# Forum Other Languages Germanic languages English  order problem

## kamka

I've ordered sth from an internet shop, and it's not been delivered, so I complained twice.
This time I got this reply, that I'm not quite sure I understand correctly, any help, please?  ::  
To ensure that your order is delivered quickly and isn't held up by customs clearance procedures, we create a replacement order with charges when an international order is lost, damaged, or incorrect. The charge for this order is $33.94. We're also refunding the same amount ($33.94) to your original order. Both the charge and refund will be applied to the credit card used on the original order; the refund should be processed within the next 2-3 business days.

----------


## paulb

> I've ordered sth from an internet shop, and it's not been delivered, so I complained twice.
> This time I got this reply, that I'm not quite sure I understand correctly, any help, please?  
> To ensure that your order is delivered quickly and isn't held up by customs clearance procedures, we create a replacement order with charges when an international order is lost, damaged, or incorrect. The charge for this order is $33.94. We're also refunding the same amount ($33.94) to your original order. Both the charge and refund will be applied to the credit card used on the original order; the refund should be processed within the next 2-3 business days.
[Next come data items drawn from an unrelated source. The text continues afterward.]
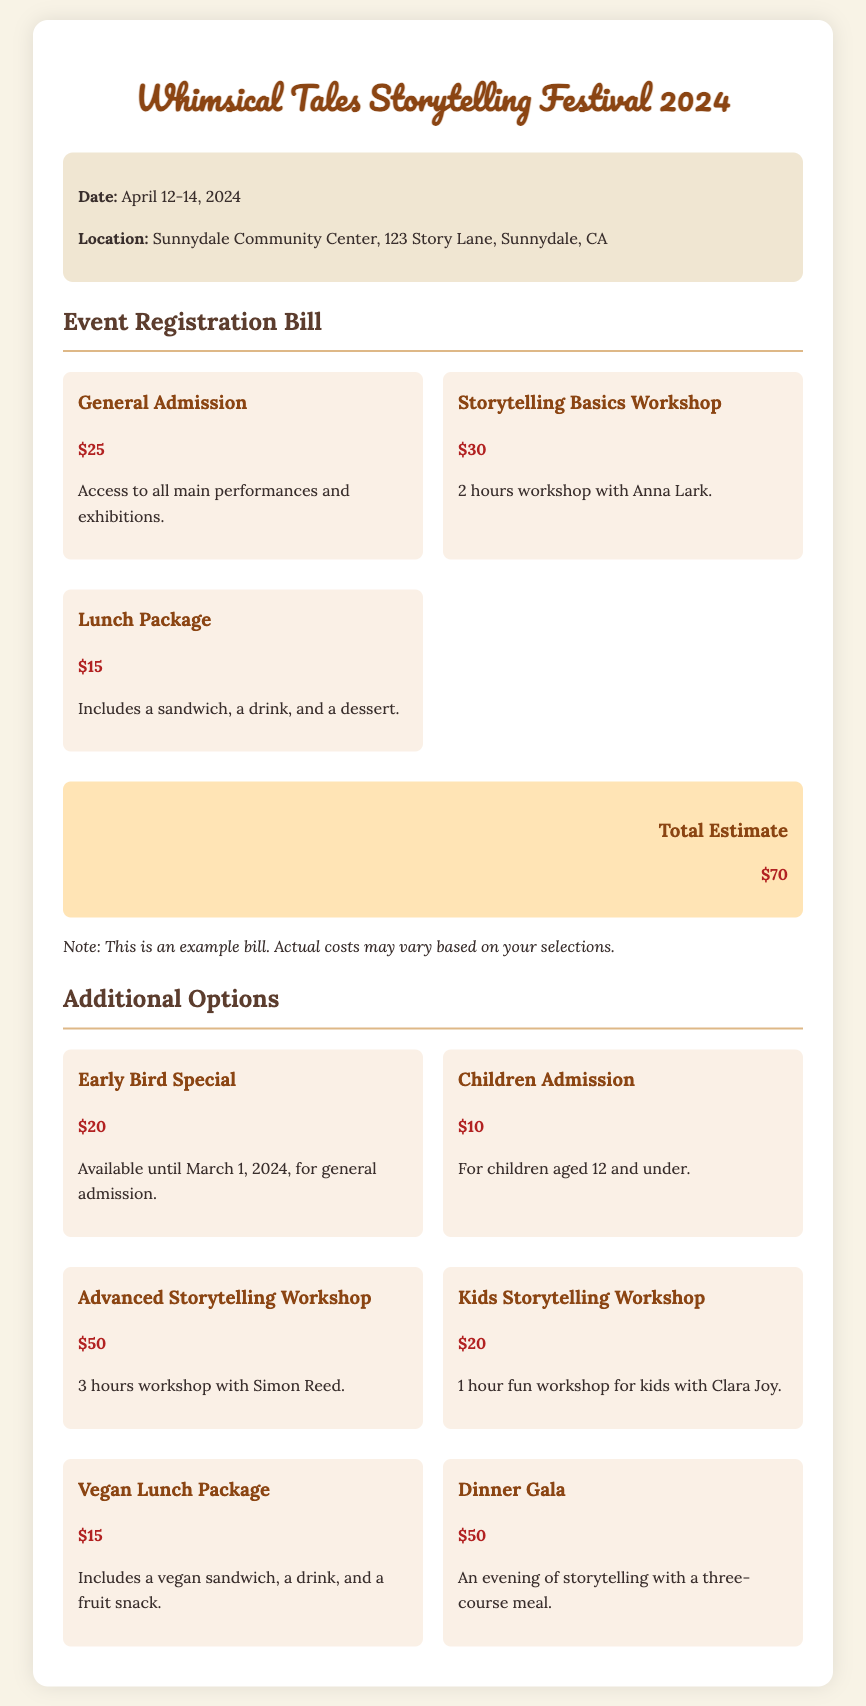what are the festival dates? The festival takes place from April 12 to April 14, 2024.
Answer: April 12-14, 2024 where is the event located? The location of the festival is Sunnydale Community Center, 123 Story Lane, Sunnydale, CA.
Answer: Sunnydale Community Center, 123 Story Lane, Sunnydale, CA how much is general admission? The cost for general admission is stated as $25.
Answer: $25 what is the price of the Advanced Storytelling Workshop? The document lists the price of the Advanced Storytelling Workshop as $50.
Answer: $50 how much does a Lunch Package cost? The Lunch Package is priced at $15.
Answer: $15 what is included in the dinner gala? The dinner gala includes an evening of storytelling with a three-course meal.
Answer: Three-course meal how much can you save with the Early Bird Special? The Early Bird Special offers savings of $5 off the general admission price of $25.
Answer: $5 what is the total estimated cost for admission, a workshop, and a meal? The total estimated cost is calculated as $25 (admission) + $30 (workshop) + $15 (meal) = $70.
Answer: $70 how much is the Kids Storytelling Workshop? The price for the Kids Storytelling Workshop is $20.
Answer: $20 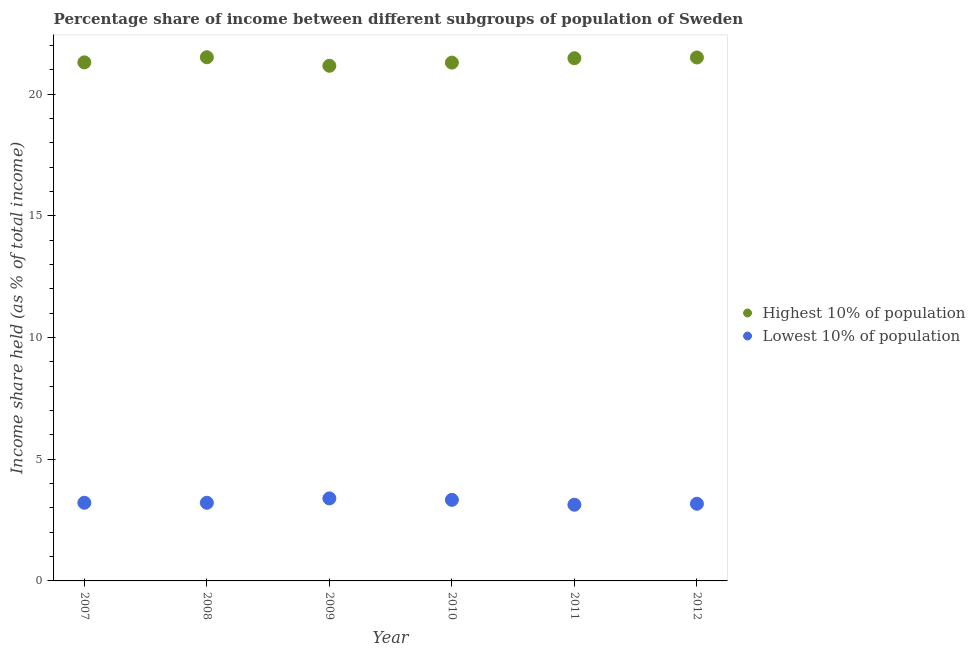What is the income share held by lowest 10% of the population in 2011?
Your answer should be compact. 3.13. Across all years, what is the maximum income share held by highest 10% of the population?
Provide a short and direct response. 21.51. Across all years, what is the minimum income share held by highest 10% of the population?
Provide a succinct answer. 21.16. In which year was the income share held by lowest 10% of the population maximum?
Offer a very short reply. 2009. In which year was the income share held by lowest 10% of the population minimum?
Your answer should be very brief. 2011. What is the total income share held by highest 10% of the population in the graph?
Ensure brevity in your answer.  128.23. What is the difference between the income share held by highest 10% of the population in 2010 and that in 2012?
Keep it short and to the point. -0.21. What is the difference between the income share held by lowest 10% of the population in 2010 and the income share held by highest 10% of the population in 2009?
Keep it short and to the point. -17.83. What is the average income share held by highest 10% of the population per year?
Your response must be concise. 21.37. What is the ratio of the income share held by highest 10% of the population in 2009 to that in 2010?
Offer a very short reply. 0.99. What is the difference between the highest and the second highest income share held by lowest 10% of the population?
Give a very brief answer. 0.06. What is the difference between the highest and the lowest income share held by lowest 10% of the population?
Offer a very short reply. 0.26. Is the sum of the income share held by lowest 10% of the population in 2011 and 2012 greater than the maximum income share held by highest 10% of the population across all years?
Ensure brevity in your answer.  No. Does the income share held by lowest 10% of the population monotonically increase over the years?
Give a very brief answer. No. Is the income share held by lowest 10% of the population strictly greater than the income share held by highest 10% of the population over the years?
Your response must be concise. No. How many years are there in the graph?
Offer a terse response. 6. Are the values on the major ticks of Y-axis written in scientific E-notation?
Make the answer very short. No. Does the graph contain any zero values?
Provide a succinct answer. No. How many legend labels are there?
Your response must be concise. 2. How are the legend labels stacked?
Keep it short and to the point. Vertical. What is the title of the graph?
Offer a terse response. Percentage share of income between different subgroups of population of Sweden. What is the label or title of the X-axis?
Your answer should be very brief. Year. What is the label or title of the Y-axis?
Your response must be concise. Income share held (as % of total income). What is the Income share held (as % of total income) of Highest 10% of population in 2007?
Offer a terse response. 21.3. What is the Income share held (as % of total income) in Lowest 10% of population in 2007?
Your response must be concise. 3.21. What is the Income share held (as % of total income) in Highest 10% of population in 2008?
Provide a succinct answer. 21.51. What is the Income share held (as % of total income) in Lowest 10% of population in 2008?
Your answer should be very brief. 3.21. What is the Income share held (as % of total income) of Highest 10% of population in 2009?
Your answer should be very brief. 21.16. What is the Income share held (as % of total income) of Lowest 10% of population in 2009?
Your response must be concise. 3.39. What is the Income share held (as % of total income) in Highest 10% of population in 2010?
Provide a short and direct response. 21.29. What is the Income share held (as % of total income) in Lowest 10% of population in 2010?
Your response must be concise. 3.33. What is the Income share held (as % of total income) in Highest 10% of population in 2011?
Give a very brief answer. 21.47. What is the Income share held (as % of total income) in Lowest 10% of population in 2011?
Make the answer very short. 3.13. What is the Income share held (as % of total income) in Highest 10% of population in 2012?
Offer a terse response. 21.5. What is the Income share held (as % of total income) of Lowest 10% of population in 2012?
Give a very brief answer. 3.17. Across all years, what is the maximum Income share held (as % of total income) of Highest 10% of population?
Give a very brief answer. 21.51. Across all years, what is the maximum Income share held (as % of total income) of Lowest 10% of population?
Ensure brevity in your answer.  3.39. Across all years, what is the minimum Income share held (as % of total income) in Highest 10% of population?
Provide a short and direct response. 21.16. Across all years, what is the minimum Income share held (as % of total income) of Lowest 10% of population?
Ensure brevity in your answer.  3.13. What is the total Income share held (as % of total income) in Highest 10% of population in the graph?
Make the answer very short. 128.23. What is the total Income share held (as % of total income) in Lowest 10% of population in the graph?
Provide a short and direct response. 19.44. What is the difference between the Income share held (as % of total income) of Highest 10% of population in 2007 and that in 2008?
Your answer should be very brief. -0.21. What is the difference between the Income share held (as % of total income) of Highest 10% of population in 2007 and that in 2009?
Offer a very short reply. 0.14. What is the difference between the Income share held (as % of total income) in Lowest 10% of population in 2007 and that in 2009?
Provide a succinct answer. -0.18. What is the difference between the Income share held (as % of total income) in Highest 10% of population in 2007 and that in 2010?
Make the answer very short. 0.01. What is the difference between the Income share held (as % of total income) in Lowest 10% of population in 2007 and that in 2010?
Offer a terse response. -0.12. What is the difference between the Income share held (as % of total income) of Highest 10% of population in 2007 and that in 2011?
Ensure brevity in your answer.  -0.17. What is the difference between the Income share held (as % of total income) in Lowest 10% of population in 2007 and that in 2011?
Give a very brief answer. 0.08. What is the difference between the Income share held (as % of total income) in Highest 10% of population in 2007 and that in 2012?
Offer a very short reply. -0.2. What is the difference between the Income share held (as % of total income) of Lowest 10% of population in 2007 and that in 2012?
Provide a short and direct response. 0.04. What is the difference between the Income share held (as % of total income) of Highest 10% of population in 2008 and that in 2009?
Offer a terse response. 0.35. What is the difference between the Income share held (as % of total income) in Lowest 10% of population in 2008 and that in 2009?
Give a very brief answer. -0.18. What is the difference between the Income share held (as % of total income) in Highest 10% of population in 2008 and that in 2010?
Make the answer very short. 0.22. What is the difference between the Income share held (as % of total income) in Lowest 10% of population in 2008 and that in 2010?
Give a very brief answer. -0.12. What is the difference between the Income share held (as % of total income) of Highest 10% of population in 2008 and that in 2011?
Ensure brevity in your answer.  0.04. What is the difference between the Income share held (as % of total income) of Lowest 10% of population in 2008 and that in 2011?
Provide a succinct answer. 0.08. What is the difference between the Income share held (as % of total income) of Highest 10% of population in 2009 and that in 2010?
Keep it short and to the point. -0.13. What is the difference between the Income share held (as % of total income) in Lowest 10% of population in 2009 and that in 2010?
Your response must be concise. 0.06. What is the difference between the Income share held (as % of total income) of Highest 10% of population in 2009 and that in 2011?
Keep it short and to the point. -0.31. What is the difference between the Income share held (as % of total income) in Lowest 10% of population in 2009 and that in 2011?
Your answer should be very brief. 0.26. What is the difference between the Income share held (as % of total income) in Highest 10% of population in 2009 and that in 2012?
Your answer should be compact. -0.34. What is the difference between the Income share held (as % of total income) of Lowest 10% of population in 2009 and that in 2012?
Provide a succinct answer. 0.22. What is the difference between the Income share held (as % of total income) in Highest 10% of population in 2010 and that in 2011?
Offer a terse response. -0.18. What is the difference between the Income share held (as % of total income) of Highest 10% of population in 2010 and that in 2012?
Offer a terse response. -0.21. What is the difference between the Income share held (as % of total income) in Lowest 10% of population in 2010 and that in 2012?
Offer a terse response. 0.16. What is the difference between the Income share held (as % of total income) of Highest 10% of population in 2011 and that in 2012?
Offer a very short reply. -0.03. What is the difference between the Income share held (as % of total income) in Lowest 10% of population in 2011 and that in 2012?
Offer a very short reply. -0.04. What is the difference between the Income share held (as % of total income) in Highest 10% of population in 2007 and the Income share held (as % of total income) in Lowest 10% of population in 2008?
Your answer should be very brief. 18.09. What is the difference between the Income share held (as % of total income) in Highest 10% of population in 2007 and the Income share held (as % of total income) in Lowest 10% of population in 2009?
Make the answer very short. 17.91. What is the difference between the Income share held (as % of total income) of Highest 10% of population in 2007 and the Income share held (as % of total income) of Lowest 10% of population in 2010?
Keep it short and to the point. 17.97. What is the difference between the Income share held (as % of total income) of Highest 10% of population in 2007 and the Income share held (as % of total income) of Lowest 10% of population in 2011?
Make the answer very short. 18.17. What is the difference between the Income share held (as % of total income) of Highest 10% of population in 2007 and the Income share held (as % of total income) of Lowest 10% of population in 2012?
Provide a succinct answer. 18.13. What is the difference between the Income share held (as % of total income) in Highest 10% of population in 2008 and the Income share held (as % of total income) in Lowest 10% of population in 2009?
Give a very brief answer. 18.12. What is the difference between the Income share held (as % of total income) in Highest 10% of population in 2008 and the Income share held (as % of total income) in Lowest 10% of population in 2010?
Keep it short and to the point. 18.18. What is the difference between the Income share held (as % of total income) of Highest 10% of population in 2008 and the Income share held (as % of total income) of Lowest 10% of population in 2011?
Provide a short and direct response. 18.38. What is the difference between the Income share held (as % of total income) in Highest 10% of population in 2008 and the Income share held (as % of total income) in Lowest 10% of population in 2012?
Your answer should be very brief. 18.34. What is the difference between the Income share held (as % of total income) of Highest 10% of population in 2009 and the Income share held (as % of total income) of Lowest 10% of population in 2010?
Provide a short and direct response. 17.83. What is the difference between the Income share held (as % of total income) in Highest 10% of population in 2009 and the Income share held (as % of total income) in Lowest 10% of population in 2011?
Your answer should be very brief. 18.03. What is the difference between the Income share held (as % of total income) of Highest 10% of population in 2009 and the Income share held (as % of total income) of Lowest 10% of population in 2012?
Your answer should be very brief. 17.99. What is the difference between the Income share held (as % of total income) of Highest 10% of population in 2010 and the Income share held (as % of total income) of Lowest 10% of population in 2011?
Give a very brief answer. 18.16. What is the difference between the Income share held (as % of total income) of Highest 10% of population in 2010 and the Income share held (as % of total income) of Lowest 10% of population in 2012?
Provide a succinct answer. 18.12. What is the difference between the Income share held (as % of total income) in Highest 10% of population in 2011 and the Income share held (as % of total income) in Lowest 10% of population in 2012?
Provide a short and direct response. 18.3. What is the average Income share held (as % of total income) of Highest 10% of population per year?
Offer a very short reply. 21.37. What is the average Income share held (as % of total income) of Lowest 10% of population per year?
Your answer should be compact. 3.24. In the year 2007, what is the difference between the Income share held (as % of total income) of Highest 10% of population and Income share held (as % of total income) of Lowest 10% of population?
Your answer should be very brief. 18.09. In the year 2008, what is the difference between the Income share held (as % of total income) in Highest 10% of population and Income share held (as % of total income) in Lowest 10% of population?
Make the answer very short. 18.3. In the year 2009, what is the difference between the Income share held (as % of total income) in Highest 10% of population and Income share held (as % of total income) in Lowest 10% of population?
Provide a short and direct response. 17.77. In the year 2010, what is the difference between the Income share held (as % of total income) of Highest 10% of population and Income share held (as % of total income) of Lowest 10% of population?
Make the answer very short. 17.96. In the year 2011, what is the difference between the Income share held (as % of total income) of Highest 10% of population and Income share held (as % of total income) of Lowest 10% of population?
Give a very brief answer. 18.34. In the year 2012, what is the difference between the Income share held (as % of total income) in Highest 10% of population and Income share held (as % of total income) in Lowest 10% of population?
Give a very brief answer. 18.33. What is the ratio of the Income share held (as % of total income) of Highest 10% of population in 2007 to that in 2008?
Offer a very short reply. 0.99. What is the ratio of the Income share held (as % of total income) of Highest 10% of population in 2007 to that in 2009?
Give a very brief answer. 1.01. What is the ratio of the Income share held (as % of total income) of Lowest 10% of population in 2007 to that in 2009?
Your response must be concise. 0.95. What is the ratio of the Income share held (as % of total income) of Highest 10% of population in 2007 to that in 2010?
Keep it short and to the point. 1. What is the ratio of the Income share held (as % of total income) in Lowest 10% of population in 2007 to that in 2010?
Keep it short and to the point. 0.96. What is the ratio of the Income share held (as % of total income) of Highest 10% of population in 2007 to that in 2011?
Provide a short and direct response. 0.99. What is the ratio of the Income share held (as % of total income) of Lowest 10% of population in 2007 to that in 2011?
Offer a very short reply. 1.03. What is the ratio of the Income share held (as % of total income) of Highest 10% of population in 2007 to that in 2012?
Keep it short and to the point. 0.99. What is the ratio of the Income share held (as % of total income) in Lowest 10% of population in 2007 to that in 2012?
Keep it short and to the point. 1.01. What is the ratio of the Income share held (as % of total income) of Highest 10% of population in 2008 to that in 2009?
Your answer should be compact. 1.02. What is the ratio of the Income share held (as % of total income) in Lowest 10% of population in 2008 to that in 2009?
Give a very brief answer. 0.95. What is the ratio of the Income share held (as % of total income) of Highest 10% of population in 2008 to that in 2010?
Give a very brief answer. 1.01. What is the ratio of the Income share held (as % of total income) of Lowest 10% of population in 2008 to that in 2011?
Provide a succinct answer. 1.03. What is the ratio of the Income share held (as % of total income) in Highest 10% of population in 2008 to that in 2012?
Offer a very short reply. 1. What is the ratio of the Income share held (as % of total income) of Lowest 10% of population in 2008 to that in 2012?
Provide a succinct answer. 1.01. What is the ratio of the Income share held (as % of total income) in Lowest 10% of population in 2009 to that in 2010?
Make the answer very short. 1.02. What is the ratio of the Income share held (as % of total income) in Highest 10% of population in 2009 to that in 2011?
Keep it short and to the point. 0.99. What is the ratio of the Income share held (as % of total income) of Lowest 10% of population in 2009 to that in 2011?
Your response must be concise. 1.08. What is the ratio of the Income share held (as % of total income) in Highest 10% of population in 2009 to that in 2012?
Make the answer very short. 0.98. What is the ratio of the Income share held (as % of total income) in Lowest 10% of population in 2009 to that in 2012?
Provide a succinct answer. 1.07. What is the ratio of the Income share held (as % of total income) of Lowest 10% of population in 2010 to that in 2011?
Ensure brevity in your answer.  1.06. What is the ratio of the Income share held (as % of total income) in Highest 10% of population in 2010 to that in 2012?
Make the answer very short. 0.99. What is the ratio of the Income share held (as % of total income) in Lowest 10% of population in 2010 to that in 2012?
Give a very brief answer. 1.05. What is the ratio of the Income share held (as % of total income) in Lowest 10% of population in 2011 to that in 2012?
Offer a very short reply. 0.99. What is the difference between the highest and the lowest Income share held (as % of total income) of Lowest 10% of population?
Offer a terse response. 0.26. 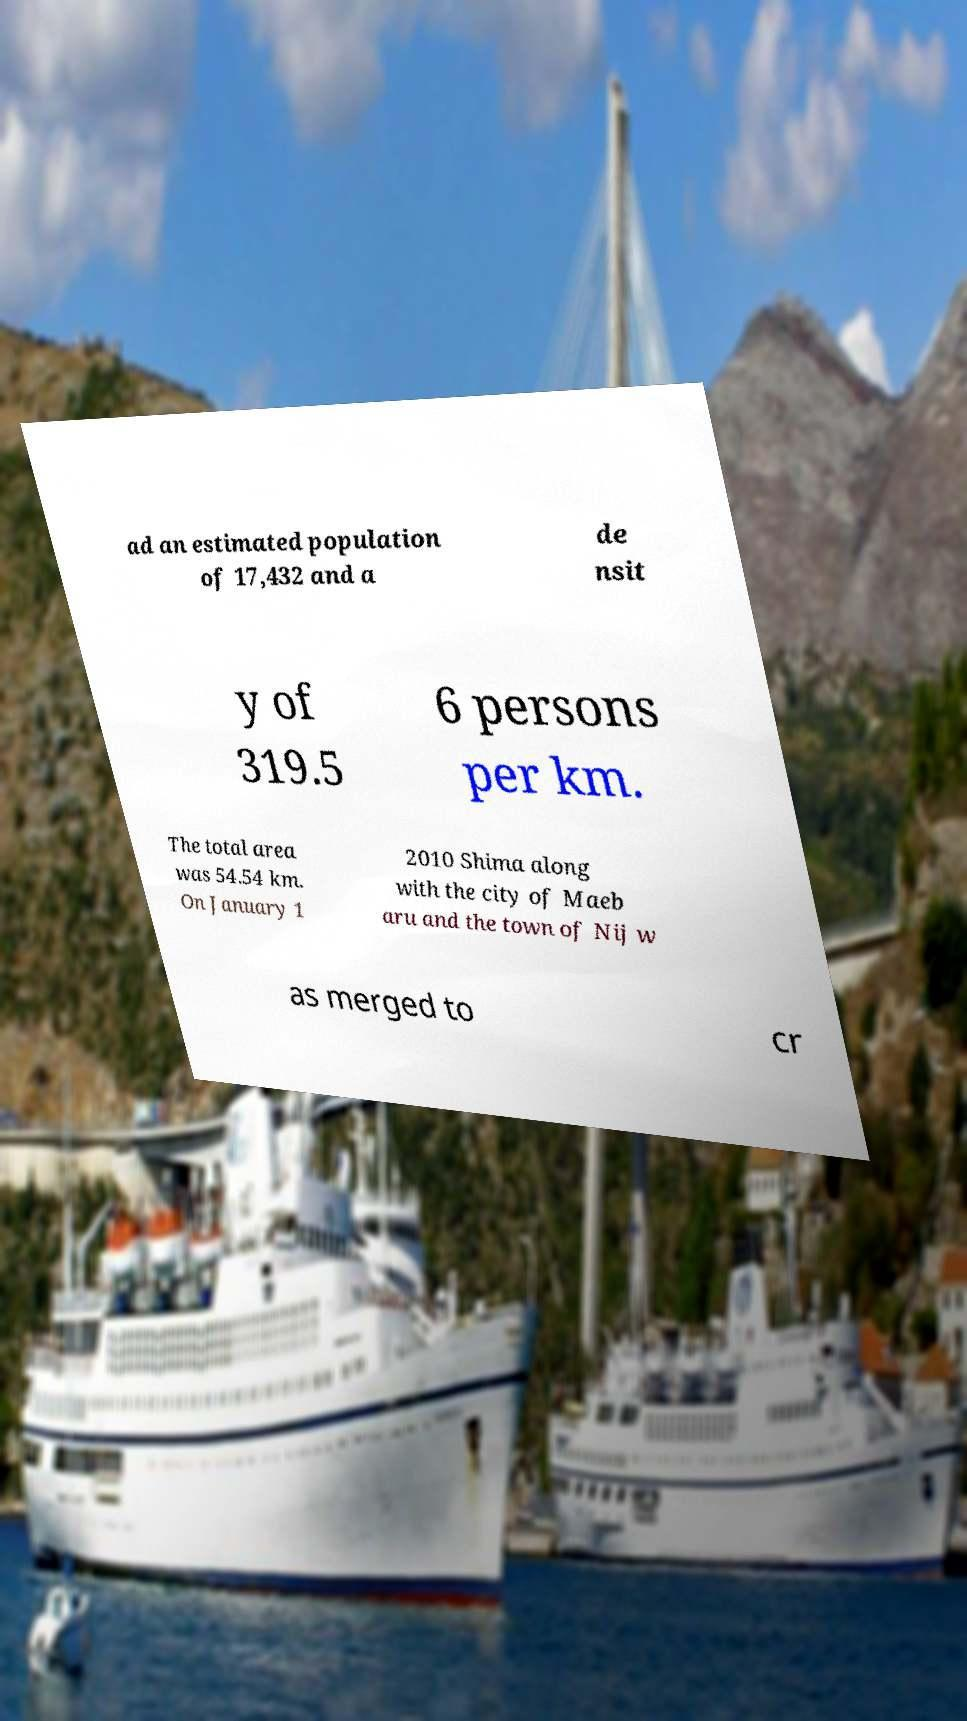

 I can't explain what the company is thinking, but they say they will give you a charge and a credit on your credit card and send another item to you. That should mean that you don't pay any money. There is probably something about customs procedures that prevents them from sending an item for free, so they charge you for it and also give you a refund. 
In other words, you just have to wait a little longer.

----------


## kamka

I wonder if they do it on purpose to make it sounds so bloody complicated :/ 
anyway, thanks a lot  ::

----------